I fear this is not nearly as good as our blood that runs but there is only one-way to know. Plz, PLZ R&R and I will love you 'till the end of time…promise.
Our blood has run
Would it help, if I screamed your name?
Shouted it, moaned it, screeched it…cried it?
I can't hear you my love and it hurts inside! Hurts like I never knew it could or would or even imagined it should.
Yes they caught me.
Just in time they said,
Yet for me it was to late.
I died up there in that attic alongside you and nothing they do, can bring me back.
Although as I predicted, I went to hell…
I miss you and I wont say, more than words can say.
Because words never existed nor touch or taste.
Neither then, expression or haste or time nor space…
Since you left me alone…all alone.
I stand here on this mountaintop, the place they sent me to 'recover'.
Huh, recover, what statement is this when my heart remains empty and words hold no meaning any more.
Nothing has since you left.
One stepI wonder what the view is like? From the edge of a mountainside.
They haven't left me alone since then. Frightened I suppose that I shall do it again.
There is no explaining to them that is what I want, what I crave.
'Nay' they say, it's not what you want, it's what you think you want.
Of course, as usual they know best.
But I crave it, need it, live it, breathe it, think it- Christ- eat it, everyday.
…
I woke up… that day… and the world was a blinding white and all that was missing was your face.
I knew then. Knew that they'd 'saved' me.
For if I was in heaven or the Summerland or simply another plain, you would be there.
So there I lay. White, clean bandages encasing my wrists and the entire clan gathered around my bedside. Grave, sombre faces, grieving for you- praying for me.
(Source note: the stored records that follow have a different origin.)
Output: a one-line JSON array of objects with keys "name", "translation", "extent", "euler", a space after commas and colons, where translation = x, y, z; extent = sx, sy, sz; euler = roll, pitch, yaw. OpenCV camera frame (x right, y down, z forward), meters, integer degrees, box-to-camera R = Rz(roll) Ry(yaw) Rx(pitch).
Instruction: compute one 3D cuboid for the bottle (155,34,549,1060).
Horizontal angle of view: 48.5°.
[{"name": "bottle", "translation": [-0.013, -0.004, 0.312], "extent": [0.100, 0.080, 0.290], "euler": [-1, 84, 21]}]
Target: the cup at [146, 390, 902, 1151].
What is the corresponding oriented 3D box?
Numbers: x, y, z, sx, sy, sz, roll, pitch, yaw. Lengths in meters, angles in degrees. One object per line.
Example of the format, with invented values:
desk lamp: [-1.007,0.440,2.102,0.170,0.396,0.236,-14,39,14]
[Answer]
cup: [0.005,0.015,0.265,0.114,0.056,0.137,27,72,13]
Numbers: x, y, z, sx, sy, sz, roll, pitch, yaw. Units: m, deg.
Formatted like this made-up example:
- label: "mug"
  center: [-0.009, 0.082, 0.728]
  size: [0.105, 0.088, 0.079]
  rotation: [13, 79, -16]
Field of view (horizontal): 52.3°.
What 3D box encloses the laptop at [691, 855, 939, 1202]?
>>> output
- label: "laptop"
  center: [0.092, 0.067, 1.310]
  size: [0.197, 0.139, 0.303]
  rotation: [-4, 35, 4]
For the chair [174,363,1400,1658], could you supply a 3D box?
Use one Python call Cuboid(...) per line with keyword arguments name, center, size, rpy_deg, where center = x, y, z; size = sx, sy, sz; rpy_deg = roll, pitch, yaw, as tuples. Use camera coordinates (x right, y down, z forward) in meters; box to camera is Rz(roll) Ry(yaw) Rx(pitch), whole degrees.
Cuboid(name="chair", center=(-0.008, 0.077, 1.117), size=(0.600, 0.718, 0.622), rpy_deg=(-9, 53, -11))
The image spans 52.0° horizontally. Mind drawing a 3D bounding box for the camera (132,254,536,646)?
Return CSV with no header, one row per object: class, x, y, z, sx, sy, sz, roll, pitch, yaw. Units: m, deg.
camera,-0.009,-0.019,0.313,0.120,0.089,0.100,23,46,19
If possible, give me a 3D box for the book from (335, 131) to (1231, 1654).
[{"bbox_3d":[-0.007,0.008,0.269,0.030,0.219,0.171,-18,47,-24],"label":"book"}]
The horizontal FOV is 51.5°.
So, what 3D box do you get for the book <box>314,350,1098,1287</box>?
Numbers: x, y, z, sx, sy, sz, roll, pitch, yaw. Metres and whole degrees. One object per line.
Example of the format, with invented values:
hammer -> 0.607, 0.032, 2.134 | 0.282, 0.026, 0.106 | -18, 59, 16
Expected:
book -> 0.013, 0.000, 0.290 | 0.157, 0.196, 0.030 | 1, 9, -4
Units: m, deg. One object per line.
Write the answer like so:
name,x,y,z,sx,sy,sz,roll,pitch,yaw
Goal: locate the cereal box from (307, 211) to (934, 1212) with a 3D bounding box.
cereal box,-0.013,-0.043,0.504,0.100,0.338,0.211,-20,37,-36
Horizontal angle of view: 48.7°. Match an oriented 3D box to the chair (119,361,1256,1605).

But they did not grieve as I did my love.
That I can promise with any word you like.
Any emotion you'd care to discern.
Two steps.
Do you see the scars my love?
What do they matter? They could only mar a perfect skin like yours.
Do you see my weeping heart?
What does it matter? When there is no answering beat?
God!
Why? Why did you leave me here? Half a body! Half a being!
Half a soul.
Three steps..
I cannot bear my reflection anymore.
For on the surface it is you… and on the inside it is I.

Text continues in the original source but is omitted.